November 22nd, 2012 1 comment

Safety net of age pension.

The Australian government provides a financial safety net for any person above certain age and other qualification, in the form of the basic age-pension, which it means tests for both income and assets, yet it provides very generous tax concessions for people of considerable assets or income, which now equal the cost of the age-pension.
Would it not be more sensible and fairer for the government to abolish the means test of the age pension and abolish the tax concessions for super.

This is what the select committee had to say about the means test of the age pension.
As mentioned in the “Select Committee on Superannuation” report of 2003, Australia is the only OECD country which has a means test for the basic pension, and it is mean.

The Report’s recommendation for a review of the employment-superannuation nexus errs on the side of caution. This caution is well justified since it opens up a much broader debate on the structure of Australia’s retirement income system, including proposals for a universal pension than that originally envisaged in the terms-of-reference. The fiscal impact of widening the spread of tax concessions is also unclear.

Why does the Australian government persist with the unfair treatment of the retirees, punishing the lower income ones with the means test of the age pension, while giving the rich retirees huge tax concessions?

I have put this question to numerous politicians, from all the parties and independents, yet none has so far given me a reasonable answer, to what I consider a reasonable question.

Why can all the politicians just ignore my question?

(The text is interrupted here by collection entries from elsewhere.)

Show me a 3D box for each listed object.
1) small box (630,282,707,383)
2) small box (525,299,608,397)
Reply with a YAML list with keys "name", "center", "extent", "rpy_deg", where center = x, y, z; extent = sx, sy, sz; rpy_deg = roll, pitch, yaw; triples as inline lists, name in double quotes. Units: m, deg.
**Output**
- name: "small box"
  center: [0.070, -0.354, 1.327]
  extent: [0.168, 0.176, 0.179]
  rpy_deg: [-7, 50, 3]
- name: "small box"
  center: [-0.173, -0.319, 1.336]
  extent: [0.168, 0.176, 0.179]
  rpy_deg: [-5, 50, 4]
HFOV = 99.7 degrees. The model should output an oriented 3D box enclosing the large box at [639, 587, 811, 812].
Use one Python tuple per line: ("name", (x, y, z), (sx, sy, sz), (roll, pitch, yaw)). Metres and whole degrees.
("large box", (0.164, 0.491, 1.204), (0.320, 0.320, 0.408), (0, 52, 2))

Because I seem to be the only one asking it.

Who gives the politicians security that this unfair social treatment of the majority of age pensioners will not affect their chances of re-election at next election: It is organizations which should protect the interests of the age pensioners on low incomes, like COTA( Council on the aging), ACOSS, Australian Council on Social Service, ACPSRO,Australian Council Public Service Retirees Organization and its affiliated Associations, which are opposing a Universal Age Pension and are therefore endorsing the governments policy which keeps low income pensioners poor, yet almost seventy per cent of their members are on moderate incomes and are greatly affected by the means test of the age pension, while the rich pensioners are gallivanting all over the world, spending money outside the country which should be spent in Australia to support local businesses; Gerry Harvey must have missed his opportunity in broadcasting this.

The other influential group which tacitly supports the government, to keep the lower income earners and pensioners poor, are the Australian Union bosses, many of which sit on Superannuation Funds boards, earning incomes of $500,000, as is the case of David Atkin of industry superannuation fund, Cbus.

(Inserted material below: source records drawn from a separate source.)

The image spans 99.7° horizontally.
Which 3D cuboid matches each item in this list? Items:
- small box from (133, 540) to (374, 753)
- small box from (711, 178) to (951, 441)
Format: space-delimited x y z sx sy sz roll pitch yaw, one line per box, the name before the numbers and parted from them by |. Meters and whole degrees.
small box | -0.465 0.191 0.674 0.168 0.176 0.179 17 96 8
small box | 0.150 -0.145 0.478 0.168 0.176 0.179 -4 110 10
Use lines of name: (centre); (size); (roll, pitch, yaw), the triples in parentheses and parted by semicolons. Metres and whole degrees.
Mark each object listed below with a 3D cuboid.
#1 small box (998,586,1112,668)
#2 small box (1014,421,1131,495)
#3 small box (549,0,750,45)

Then there are retirement scheme operators, which never miss an opportunity to remind the government to raise the compulsory super contribution to 12%;
Ms.Reynolds chief executive of the Australian Institute of Superannuation Trustees was reported as saying,” The move to 12 per cent needs to go ahead regardless”. Pauline Vamos also never misses an opportunity to promote the raise of super contributions to 12per cent.

It is not hard to see, for whose benefit the compulsory super was introduced; the super industry, union bosses, who earn large fees or union bosses who collect nice incomes for sitting on boards of industry super funds.

The SMSF’ owners are also very pleased with the large tax concessions for super, and should their income in retirement fall below a certain level, they can and will always avail themselves of the age pension.